Each shell had a hinged steel cover over the shell. Each shell had a hinged steel cover under the shell which was operated by a hydraulic ram to enable the operator to raise and lower the cover, which was quite heavy when loaded with shale.
To operate the N.T.U. retort, the upper cover was raised and the retort was loaded with crushed and screened shale to a top level about two feet from the top of the shell. The shale was then covered with broken boards. The top of the retort was then closed, and an operator lit the boards, working through a hatch in the cover of the retort.
After lighting the boards, combustion air was forced into the top of the retort through a large pipe connected to the top of the shell, just under the cover and above the shale bed. As combustion air increased, the kerogens in the shale would begin to burn. Very quickly the shale below the combustion would begin to pyrolyze, as the combustion air and burned gases heated the shale below the combustion to 800° F. or higher. The slightly destructive burning of the kerogens to start the retort would cease, and free carbon remaining on the shale after pyrolysis began would now burn as combustion air was blown down through the shale.
The exhaust gases released from the shale were drawn away from the retort through a pipe located at the bottom of the retort After pyrolysis had been completed, and the carbon had burned off the spent shale in the retort, the combustion air and the suction blower were shut off.
Now, the hatch at the top of the retort was opened to admit air during the dumping of the spent shale. Then the bottom was opened by the hydraulic ram and the shale was dumped on the sloping chute below the retort where it was carried out to an open space beyond the retort.
After the red-hot shale was dumped, operators sprayed water on the pile of shale until it was cooled. Next, a bulldozer was brought in and dozed the shale away and over to the bank of a canyon where it was dumped, its final disposition.
These retorts were successful and efficient.
However, it can be easily seen that dumping the shale, cooling the shale with water, and bulldozing the shale away and into the canyon was quite costly and used a large quantity of water. Very quickly the canyon would be full of spent shale, which created an environmental impact because of the leaching of harmful salts from the spent shale which would run off down the canyon to the Colorado River.

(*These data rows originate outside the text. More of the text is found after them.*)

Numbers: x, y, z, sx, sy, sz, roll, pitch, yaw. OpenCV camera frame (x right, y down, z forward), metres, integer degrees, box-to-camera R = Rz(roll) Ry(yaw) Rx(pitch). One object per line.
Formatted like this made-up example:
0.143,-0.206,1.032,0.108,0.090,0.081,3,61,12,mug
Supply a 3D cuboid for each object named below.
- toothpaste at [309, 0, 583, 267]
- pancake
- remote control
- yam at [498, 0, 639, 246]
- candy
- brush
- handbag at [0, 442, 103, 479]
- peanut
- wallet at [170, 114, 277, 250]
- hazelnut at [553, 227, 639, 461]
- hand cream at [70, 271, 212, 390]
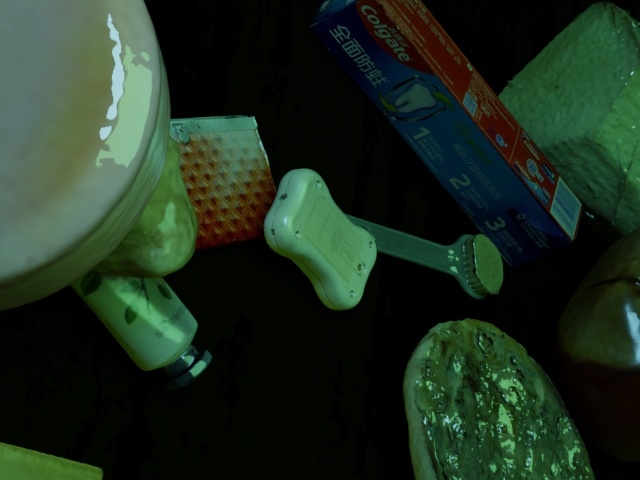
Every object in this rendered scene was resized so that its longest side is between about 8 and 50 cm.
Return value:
0.121,-0.111,1.475,0.320,0.076,0.066,49,40,-23,toothpaste
0.158,0.193,1.380,0.282,0.049,0.282,28,51,-42,pancake
0.000,0.000,1.280,0.122,0.032,0.074,50,52,-40,remote control
0.310,-0.096,1.612,0.271,0.202,0.201,37,5,-34,yam
-0.213,-0.074,0.917,0.094,0.255,0.255,87,-10,-77,candy
0.076,0.004,1.396,0.266,0.027,0.062,15,64,-47,brush
-0.238,0.276,0.734,0.283,0.133,0.400,21,59,-36,handbag
-0.163,-0.086,1.036,0.137,0.122,0.253,-8,69,-45,peanut
-0.099,-0.043,1.207,0.196,0.020,0.103,-10,84,-55,wallet
0.316,0.104,1.512,0.181,0.181,0.212,39,64,-5,hazelnut
-0.160,0.003,1.093,0.234,0.050,0.080,51,42,-11,hand cream
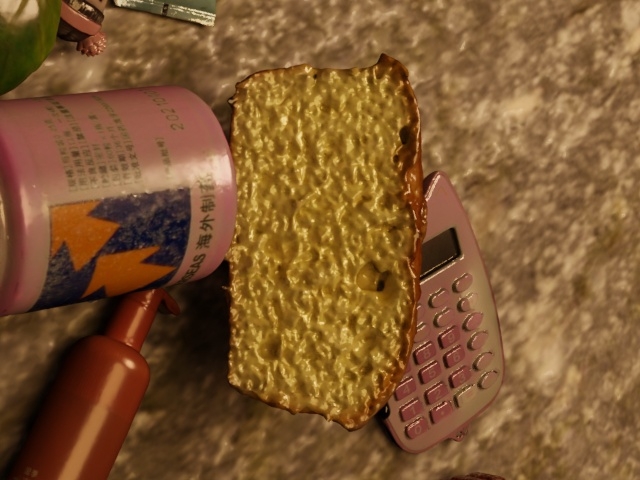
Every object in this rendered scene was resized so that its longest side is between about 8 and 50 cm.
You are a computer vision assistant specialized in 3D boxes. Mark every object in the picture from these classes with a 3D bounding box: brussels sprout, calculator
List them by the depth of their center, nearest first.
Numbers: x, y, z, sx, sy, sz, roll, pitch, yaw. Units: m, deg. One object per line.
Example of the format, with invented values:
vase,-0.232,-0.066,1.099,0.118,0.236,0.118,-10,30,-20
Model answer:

The above background will be very helpful in understanding the operation of the retort in this invention.
To provide a method for producing shale oil that is economically feasible, i.e., to produce crude oil at a price lower than or competitive with imported crude oil.
To make timely, conservative, and efficient use of an abundant resource in order to relieve U.S. dependence on foreign oil, to reduce the U.S. trade imbalance, and to revitalize the Colorado economy.
Use of underground batch retorts will conserve oil shale land, in that it is a more efficient system than in-situ retorting, and will nullify the need to expend many billions of dollars on the construction of surface retorts.
The one-time use of underground batch retorts will make possible an operation free of down-time for turnarounds or retort breakdowns, and will greatly minimize maintenance needs.
While variations could be made to both the design and peripheral dimensions set forth in the drawings accompanying this invention, there are reasons for them. A note follows which will enable the reader to understand the reasons for and advantages of the design and peripheral dimensions of the mine-retort as specified in the drawings, both of which are extremely advantageous from the standpoint of obtaining the maximum volume that can be obtained safely and retorted successfully.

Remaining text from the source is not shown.